Rating
The Pequod Review:
James Carse’s thesis in Finite and Infinite Games is that our experiences in life can be divided between two types of games — finite games (played for the purpose of winning, with a defined beginning and end) and infinite games (played for the purpose of continuing the game, with no fixed time limits or rules). This distinction has profound implications, and ultimately Carse argues for us to approach life as an infinite game. Finite games are limited, competitive, and power-focused; they have fixed rules, fixed pies divided up between winners and losers, measured achievements, and accumulated possessions. Infinite games are expansive, limitless and more fulfilling; they are playful, allow for multiple winners, invite collaboration rather than competition, and above all they are never mastered.
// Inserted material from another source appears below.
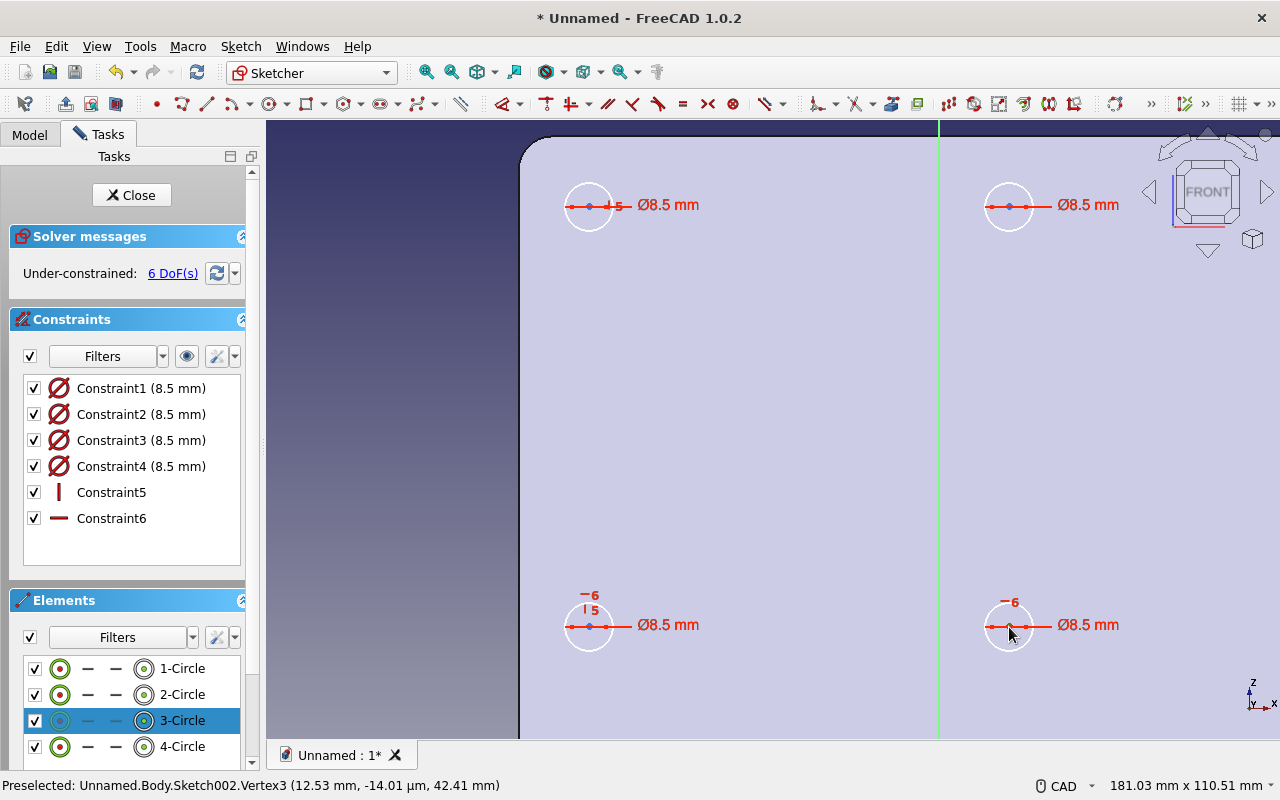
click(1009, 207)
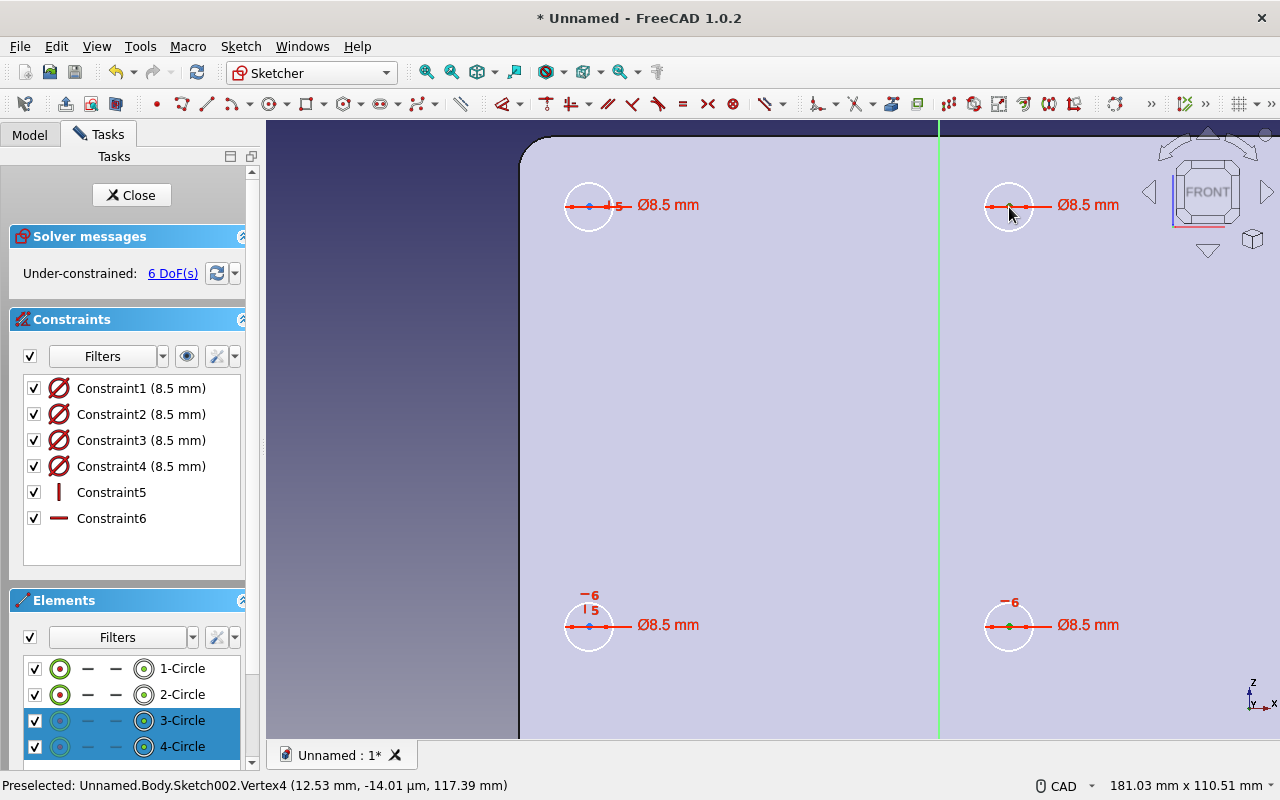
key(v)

While Carse sometimes strains to classify too much of intellectual life into these two rigid categories, he has intelligent insights:
Infinite players do not oppose the actions of others, but initiate actions of their own in such a way that others will respond by initiating their own.
[…]
Finite players avoid surprise and try to plan around them, infinite players expect to be surprised and continue their play in pursuit of it.
[…]
The finite play for life is serious; the infinite play of life joyous.
Or this on training (a finite game) versus education (an infinite game):
To be prepared against surprise is to be trained. To be prepared for surprise is to be educated.
Education discovers an increasing richness in the past, because it sees what is unfinished there. Training regards the past as finished and the future as to be finished. Education leads toward a continuing self-discovery; training leads toward a final self-definition.
Training repeats a completed past in the future. Education continues an unfinished past into the future.
Recommended.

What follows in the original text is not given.